Saturday, September 28, 2013

Are You Listening?

He was an expert in healthcare policy.  He wrote nationally lauded papers on such things as evidence based medicine.  He spent half his time in Washington advising one governmental agency or another, the other tucked away quietly at the VA.  Originally he attended at the University, but that didn't last long.

We residents avoided him at all costs.  Not only did he piss away our precious time with verbose and often tangentially related lectures, he was down right dangerous.  The head of internal medicine knew it; our chief resident knew it.  So schedules were shuffled, teams were adjusted.  Often the strongest housestaff were pulled to work on his team, and clean up the mess he made.

Years later, I now realize, that a number of poor unsuspecting veterans likely suffered by his clumsy hands.  Thankfully, someone of authority usually stepped in before irreversible damage occurred.  It was not that he didn't understand pathophysiology or differential diagnosis.  His deficit was far more worrisome,  he completely lacked in the art of medicine.  When a patient zigged, he zagged.  He flawlessly applied inappropriate and poorly timed algorithms in a rigid and ineffectual manner.

And worst of all, buoyed by all the back patting in Washington, he was utterly confident in his abilities.

Occasionally I still hear about him from time to time.  Prancing through political circles or spouting off on CNN.  His smile is wide and confident, but I will always remember his frown as a patient circled the drain, a victim of his misapplied "science".

And I shudder, shudder to think that the politicians who currently shape our healthcare policy are listening to him intently.

Tuesday, September 24, 2013

I Call Bullshit

I am hard on myself. I'm the first one to point the finger inward. Every patient that dies, every adverse outcome, I study my decisions in excruciating detail. I have high standards. I don't sugar-coat the abilities of myself or my colleagues.

As the owner of my own medical practice, director of a nursing home, expert witness, and associate director for a hospice and palliative care company, I have vast experience dealing with the pitfalls of our medical system. After seeing thousands of patients, in almost every setting over the last seventeen years, I strongly question what I have been recently reading on my twitter feed.

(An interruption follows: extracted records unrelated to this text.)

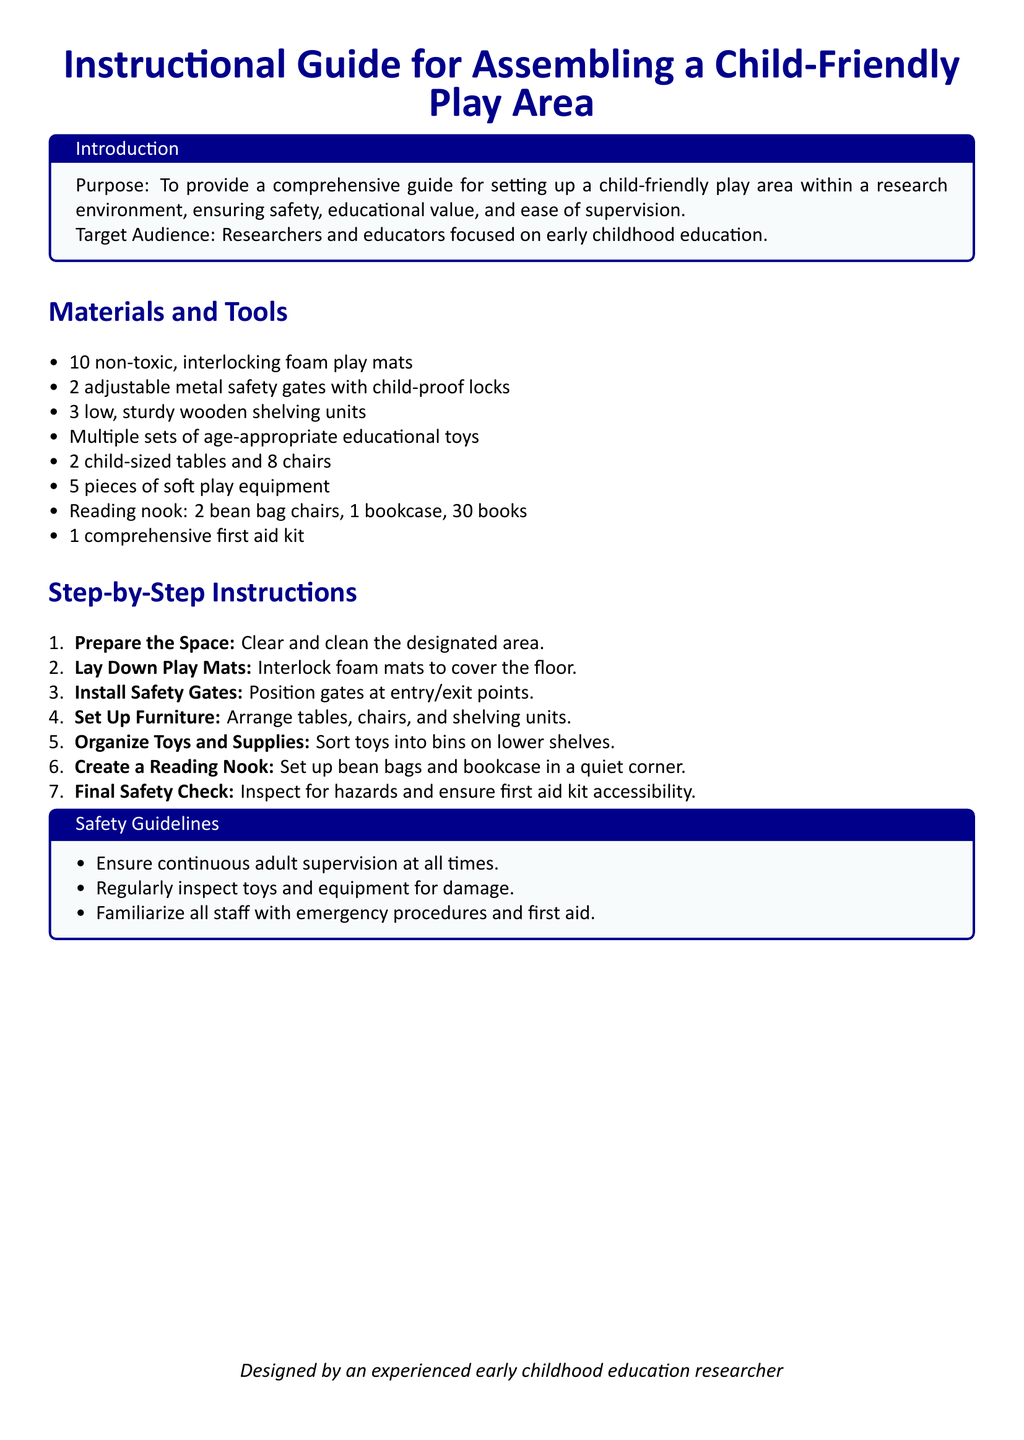What is the purpose of the guide? The purpose of the guide is to provide a comprehensive guide for setting up a child-friendly play area within a research environment, ensuring safety, educational value, and ease of supervision.
Answer: To provide a comprehensive guide for setting up a child-friendly play area How many play mats are required? The document specifies a total count of materials needed, indicating that 10 non-toxic, interlocking foam play mats are required.
Answer: 10 What type of furniture is included? The guide lists several furniture items needed for the play area, which includes 2 child-sized tables and 8 chairs.
Answer: 2 child-sized tables and 8 chairs What equipment is necessary for safety? Safety guidelines mention that a comprehensive first aid kit is necessary, which is crucial for addressing emergencies.
Answer: A comprehensive first aid kit How many steps are included in the assembly instructions? By counting the steps outlined in the step-by-step section, we find that there are a total of 7 steps involved in assembling the play area.
Answer: 7 What is the last step in the instructions? The final step in the assembly instructions focuses on ensuring a final safety check to inspect for hazards and accessibility of the first aid kit.
Answer: Final Safety Check Who is the document designed by? The document concludes with a note on its authorship, clearly stating that it is designed by an experienced early childhood education researcher.
Answer: An experienced early childhood education researcher

According to a new study in The Journal of Patient Safety, preventable adverse events (PAEs) account for over 440,000 deaths a year in hospitals making medical error the third leading cause of mortality in the United States.

I call bullshit!

In my experience patients die of metastatic cancer, end stage dementia, coronary artery disease, stroke, and sepsis. Of the thousands of patients I have watched die, only a handful, at most, were complicated by preventable adverse events. And most of these happened in patients with highly involved, already terminal diseases, where the pure number of physicians and treatments multiplied the complexity.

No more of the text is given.